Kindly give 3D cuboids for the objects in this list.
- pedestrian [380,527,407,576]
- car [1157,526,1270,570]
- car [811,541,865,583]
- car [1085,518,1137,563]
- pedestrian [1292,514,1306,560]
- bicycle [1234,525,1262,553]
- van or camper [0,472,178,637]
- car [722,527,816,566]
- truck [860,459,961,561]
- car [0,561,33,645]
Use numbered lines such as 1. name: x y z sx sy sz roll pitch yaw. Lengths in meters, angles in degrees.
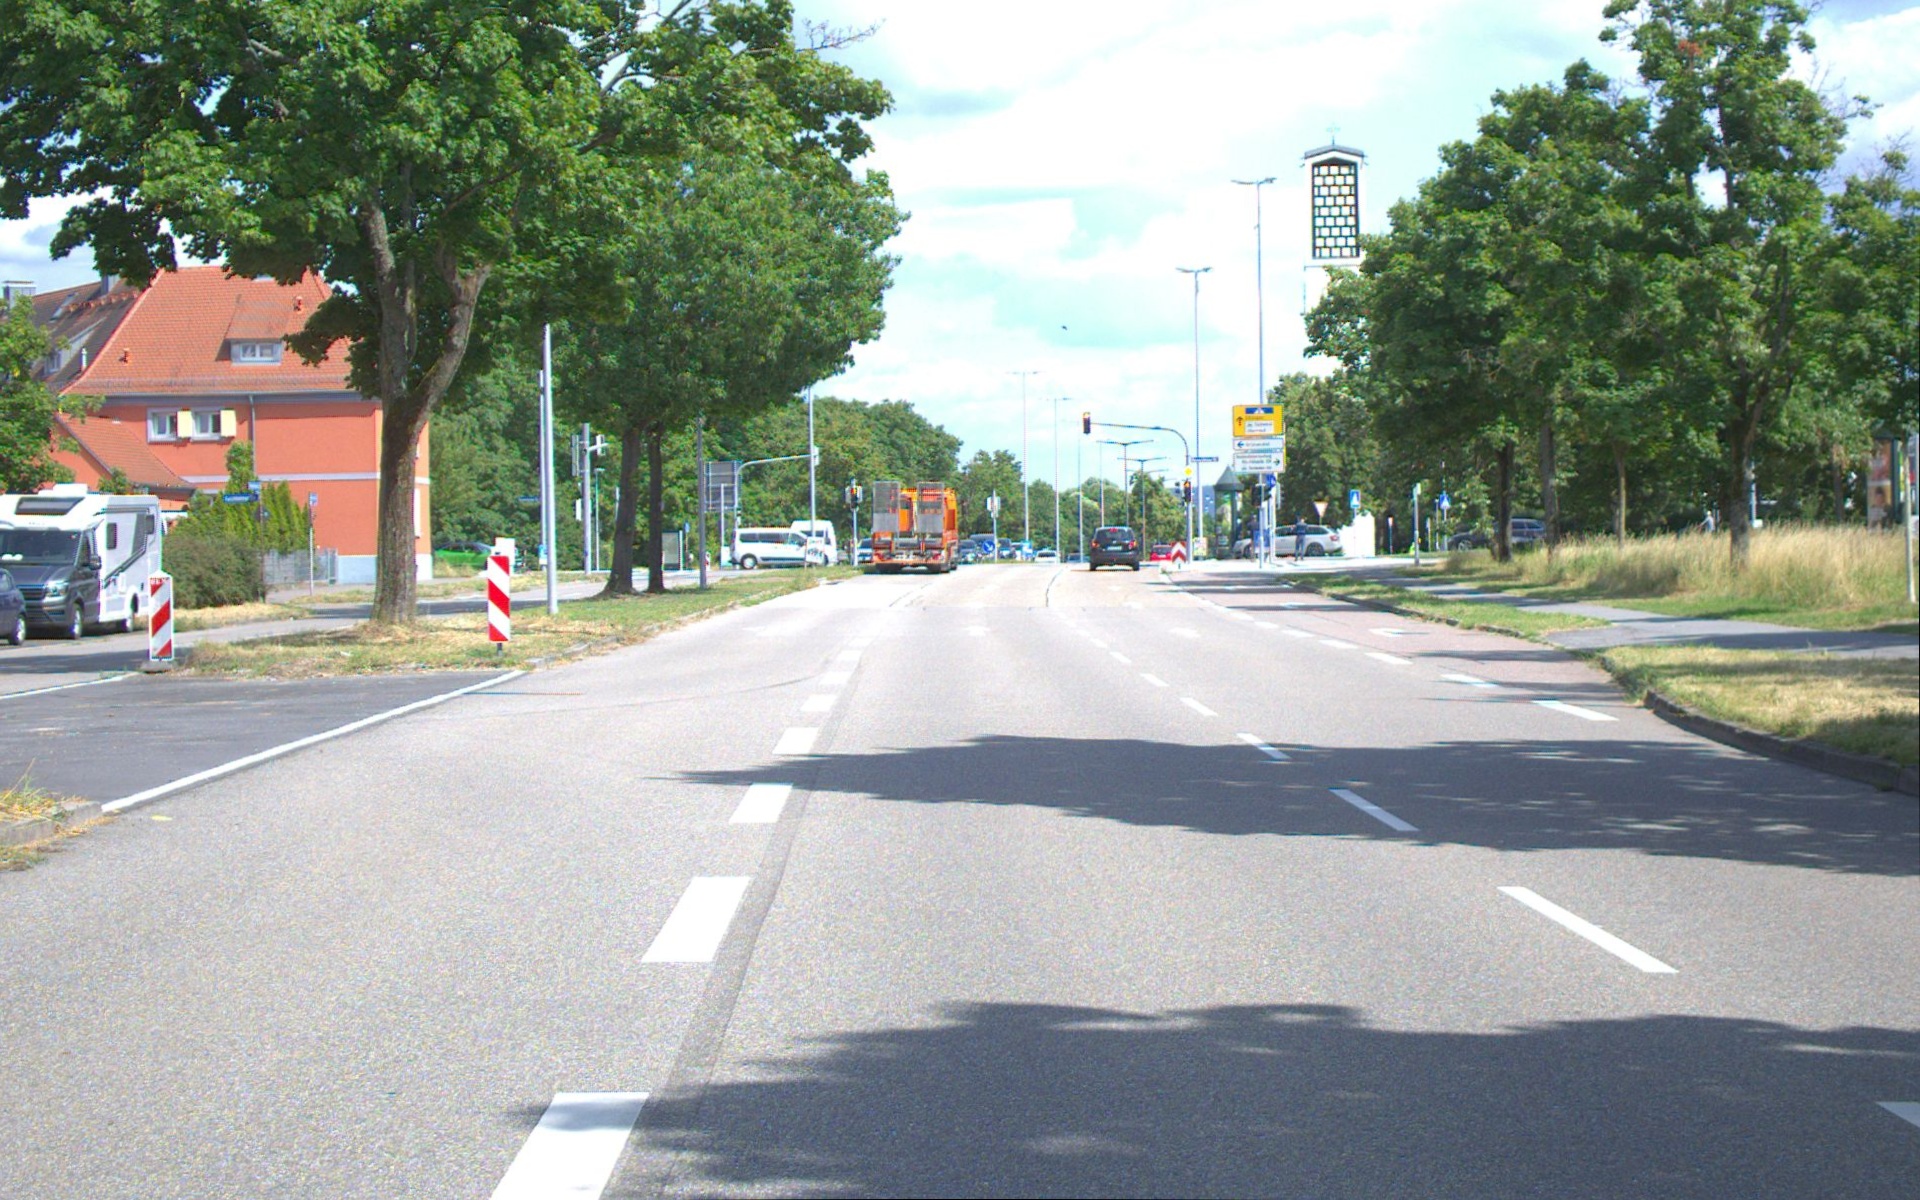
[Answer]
1. pedestrian: -18.501 -1.588 112.375 0.696 1.578 0.851 1 0 2
2. car: 8.754 -1.798 118.829 3.571 1.437 1.476 1 0 -16
3. car: -4.787 -1.486 135.650 1.732 1.503 4.652 -4 0 2
4. car: 5.422 -2.139 123.594 1.799 1.547 4.000 1 0 2
5. pedestrian: 13.106 -2.419 132.897 0.465 1.772 0.482 1 0 13
6. bicycle: 11.368 -2.400 135.634 0.648 1.104 1.926 1 0 18
7. van or camper: -17.694 -0.973 68.683 2.259 3.101 7.320 1 2 2
8. car: -8.330 -2.331 150.063 3.987 1.646 1.732 1 0 0
9. truck: -1.691 -3.153 123.060 3.071 3.402 11.068 1 1 2
10. car: -17.922 0.045 61.199 1.636 1.480 3.992 1 1 2

* What you have to do *
Please repeat every record above exactly, leaving the pictures out.

* Result *
Kindly give 3D cuboids for the objects in this list.
- pedestrian [380,527,407,576]
- car [1157,526,1270,570]
- car [811,541,865,583]
- car [1085,518,1137,563]
- pedestrian [1292,514,1306,560]
- bicycle [1234,525,1262,553]
- van or camper [0,472,178,637]
- car [722,527,816,566]
- truck [860,459,961,561]
- car [0,561,33,645]
Use numbered lines such as 1. name: x y z sx sy sz roll pitch yaw. Lengths in meters, angles in degrees.
[Answer]
1. pedestrian: -18.501 -1.588 112.375 0.696 1.578 0.851 1 0 2
2. car: 8.754 -1.798 118.829 3.571 1.437 1.476 1 0 -16
3. car: -4.787 -1.486 135.650 1.732 1.503 4.652 -4 0 2
4. car: 5.422 -2.139 123.594 1.799 1.547 4.000 1 0 2
5. pedestrian: 13.106 -2.419 132.897 0.465 1.772 0.482 1 0 13
6. bicycle: 11.368 -2.400 135.634 0.648 1.104 1.926 1 0 18
7. van or camper: -17.694 -0.973 68.683 2.259 3.101 7.320 1 2 2
8. car: -8.330 -2.331 150.063 3.987 1.646 1.732 1 0 0
9. truck: -1.691 -3.153 123.060 3.071 3.402 11.068 1 1 2
10. car: -17.922 0.045 61.199 1.636 1.480 3.992 1 1 2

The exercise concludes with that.